The codes exist. The work is already happening in your clinic. The only open question is whether your coding catches up before your next billing cycle. Get your CFO, billing lead, BH director, compliance officer, and EHR team on one short call this week and walk the list. When you're ready to put this in the larger picture, the value-based-care hub and the free VBC course show how this foundation connects to everything that comes next.
Sources
- Advanced Primary Care Management Services — Centers for Medicare & Medicaid Services (CMS). APCM mechanics, direct FQHC/RHC billing, no downside risk, codes G0556/G0557/G0558.
- Advanced Primary Care Management (APCM) Coding Guide — American Academy of Family Physicians (AAFP). Coding guide; the transition from bundled G0511 to the APCM codes as of July 1, 2025.
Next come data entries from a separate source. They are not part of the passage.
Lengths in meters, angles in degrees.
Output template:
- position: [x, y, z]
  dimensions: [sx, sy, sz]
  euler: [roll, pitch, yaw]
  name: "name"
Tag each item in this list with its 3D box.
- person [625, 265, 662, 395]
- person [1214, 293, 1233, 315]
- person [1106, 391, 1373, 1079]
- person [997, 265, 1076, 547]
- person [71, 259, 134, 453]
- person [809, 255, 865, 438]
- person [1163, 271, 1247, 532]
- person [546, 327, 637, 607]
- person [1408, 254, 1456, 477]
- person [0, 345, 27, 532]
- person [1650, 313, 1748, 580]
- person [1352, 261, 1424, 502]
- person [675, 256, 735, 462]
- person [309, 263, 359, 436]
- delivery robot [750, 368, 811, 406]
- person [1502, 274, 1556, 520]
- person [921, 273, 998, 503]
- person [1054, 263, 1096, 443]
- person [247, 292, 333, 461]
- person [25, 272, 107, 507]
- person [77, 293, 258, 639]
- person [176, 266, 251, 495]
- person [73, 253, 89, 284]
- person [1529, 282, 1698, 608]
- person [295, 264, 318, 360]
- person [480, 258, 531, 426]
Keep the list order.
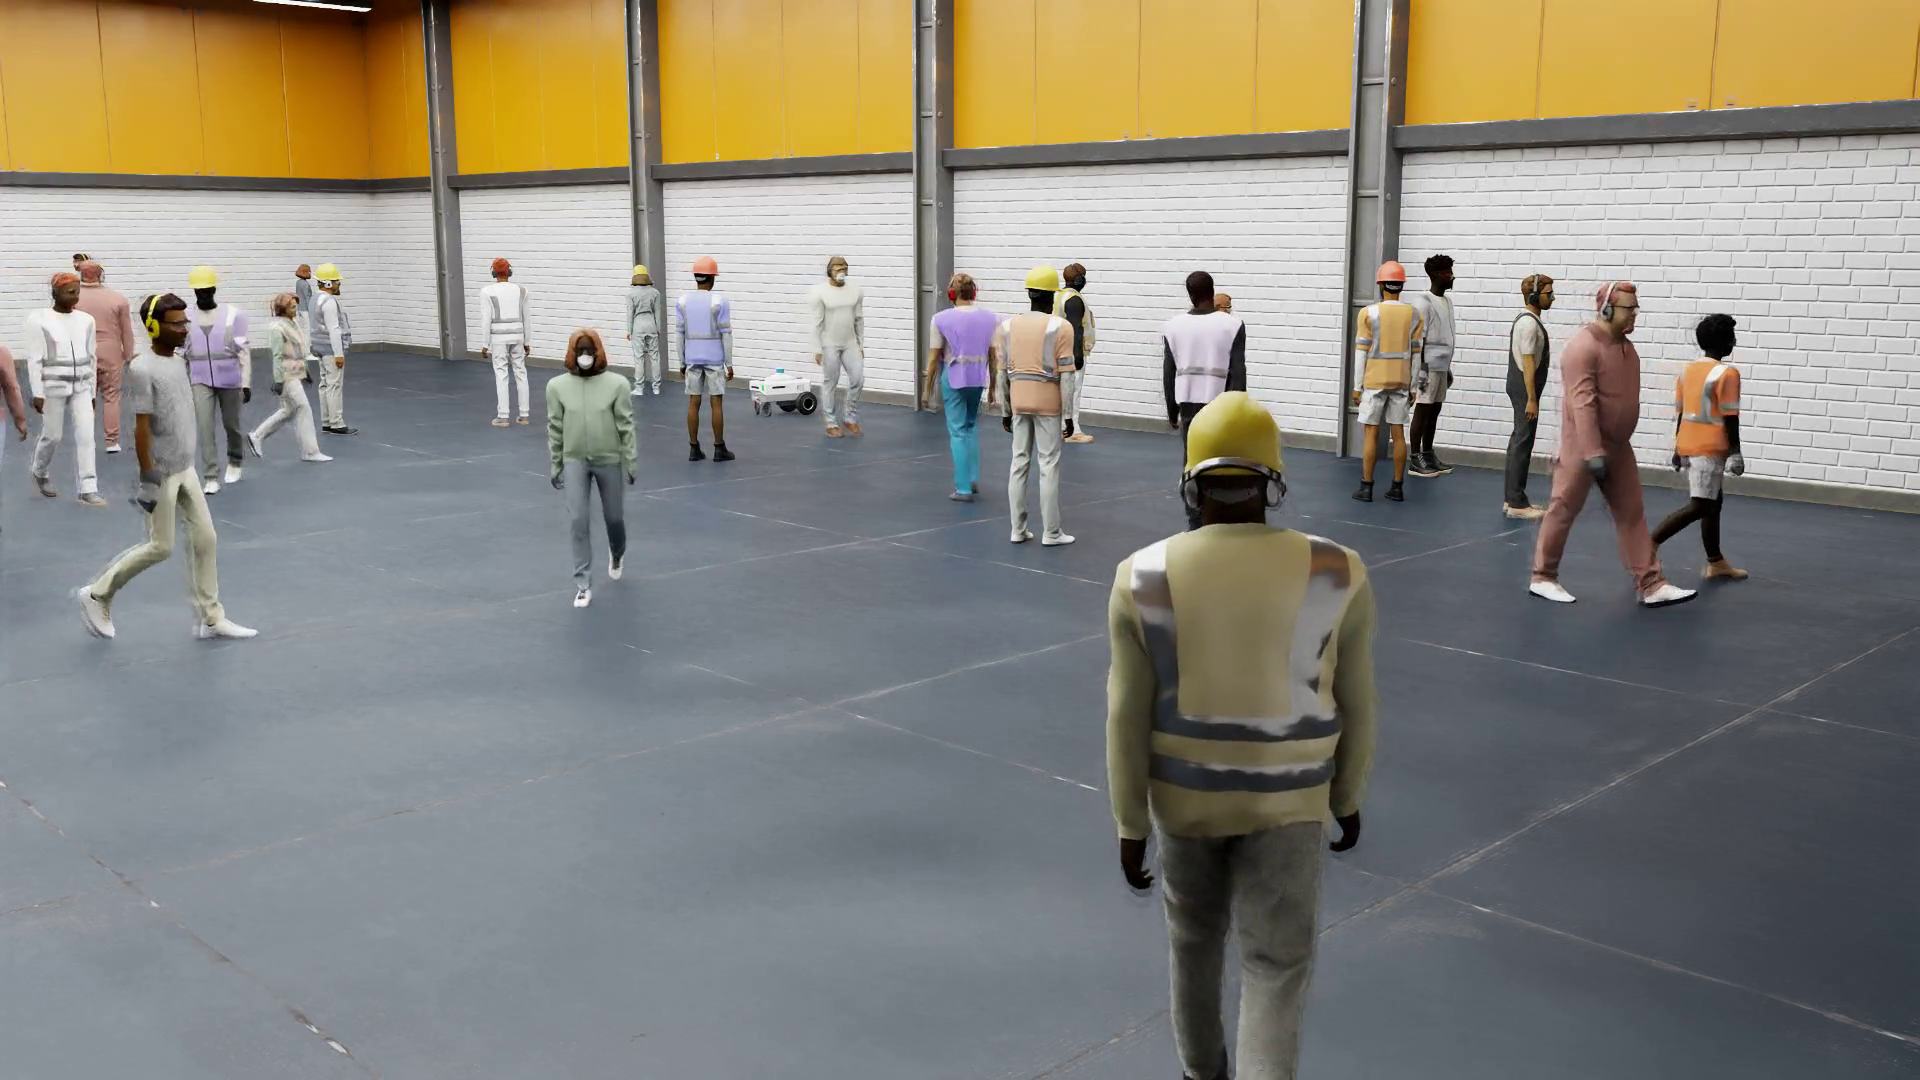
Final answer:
- position: [-4.249, -2.813, 22.310]
  dimensions: [0.485, 1.739, 0.304]
  euler: [-6, 12, -30]
  name: "person"
- position: [2.222, -1.317, 14.436]
  dimensions: [0.283, 1.634, 0.498]
  euler: [1, 10, 5]
  name: "person"
- position: [0.619, 0.572, 3.711]
  dimensions: [0.584, 1.799, 0.886]
  euler: [2, 11, 12]
  name: "person"
- position: [0.538, -0.917, 11.454]
  dimensions: [0.590, 1.926, 0.388]
  euler: [7, 12, 33]
  name: "person"
- position: [-8.444, -1.790, 16.315]
  dimensions: [0.642, 1.895, 0.423]
  euler: [-3, 11, -17]
  name: "person"
- position: [-1.252, -2.012, 17.436]
  dimensions: [0.667, 1.917, 0.602]
  euler: [-6, 12, -31]
  name: "person"
- position: [1.775, -0.956, 11.810]
  dimensions: [0.639, 1.872, 0.770]
  euler: [4, 11, 23]
  name: "person"
- position: [-2.163, -0.454, 9.804]
  dimensions: [0.513, 1.612, 0.722]
  euler: [-1, 10, -7]
  name: "person"
- position: [4.216, -1.552, 14.807]
  dimensions: [0.364, 1.966, 0.610]
  euler: [9, 13, 39]
  name: "person"
- position: [-6.760, -0.813, 11.448]
  dimensions: [0.540, 1.722, 0.908]
  euler: [-3, 11, -16]
  name: "person"
- position: [4.488, -0.552, 10.157]
  dimensions: [0.782, 1.672, 0.530]
  euler: [0, 10, -2]
  name: "person"
- position: [3.415, -1.262, 13.346]
  dimensions: [0.538, 1.930, 0.378]
  euler: [-1, 10, -7]
  name: "person"
- position: [-2.398, -1.707, 15.734]
  dimensions: [0.552, 1.934, 0.373]
  euler: [2, 11, 13]
  name: "person"
- position: [-6.698, -2.025, 17.751]
  dimensions: [0.404, 1.831, 0.600]
  euler: [-8, 13, -36]
  name: "person"
- position: [-2.138, -1.805, 19.784]
  dimensions: [0.707, 0.478, 0.477]
  euler: [-8, 13, -36]
  name: "delivery robot"
- position: [4.305, -1.081, 12.573]
  dimensions: [0.340, 1.845, 0.512]
  euler: [3, 11, 13]
  name: "person"
- position: [-0.028, -1.222, 13.396]
  dimensions: [0.585, 1.826, 0.617]
  euler: [-6, 12, -30]
  name: "person"
- position: [1.190, -1.935, 17.234]
  dimensions: [0.429, 1.847, 0.628]
  euler: [-1, 10, -8]
  name: "person"
- position: [-6.356, -1.527, 15.642]
  dimensions: [0.733, 1.607, 0.518]
  euler: [-1, 10, -6]
  name: "person"
- position: [-7.169, -1.205, 13.251]
  dimensions: [0.898, 1.855, 0.594]
  euler: [7, 13, 34]
  name: "person"
- position: [-4.200, -0.362, 8.687]
  dimensions: [0.807, 1.846, 0.520]
  euler: [0, 10, 1]
  name: "person"
- position: [-6.272, -1.366, 14.028]
  dimensions: [0.592, 1.888, 0.920]
  euler: [-3, 11, -15]
  name: "person"
- position: [-13.697, -3.559, 26.057]
  dimensions: [0.549, 1.853, 0.403]
  euler: [8, 13, 38]
  name: "person"
- position: [3.717, -0.516, 9.450]
  dimensions: [0.648, 1.862, 0.978]
  euler: [-8, 13, -36]
  name: "person"
- position: [-11.200, -3.894, 28.491]
  dimensions: [0.272, 1.631, 0.507]
  euler: [-8, 13, -39]
  name: "person"
- position: [-5.090, -2.215, 18.655]
  dimensions: [0.575, 1.882, 0.359]
  euler: [-8, 13, -37]
  name: "person"

- APCM Reimbursement Tip Sheet — National Association of Community Health Centers (NACHC), 2025. New BHI add-ons G0568/G0569/G0570 and the G0512/G0071 sunset, effective January 1, 2026.
- CY2026 Physician Fee Schedule (CMS-1832-F) — Centers for Medicare & Medicaid Services (CMS). CY2026 Physician Fee Schedule final rule creating the BHI add-ons and the rate tables.
- California Health Care Foundation — CHCF. Statewide projected community health center loss of at least $1.6 billion in FY2026-27 from the UIS-PPS change.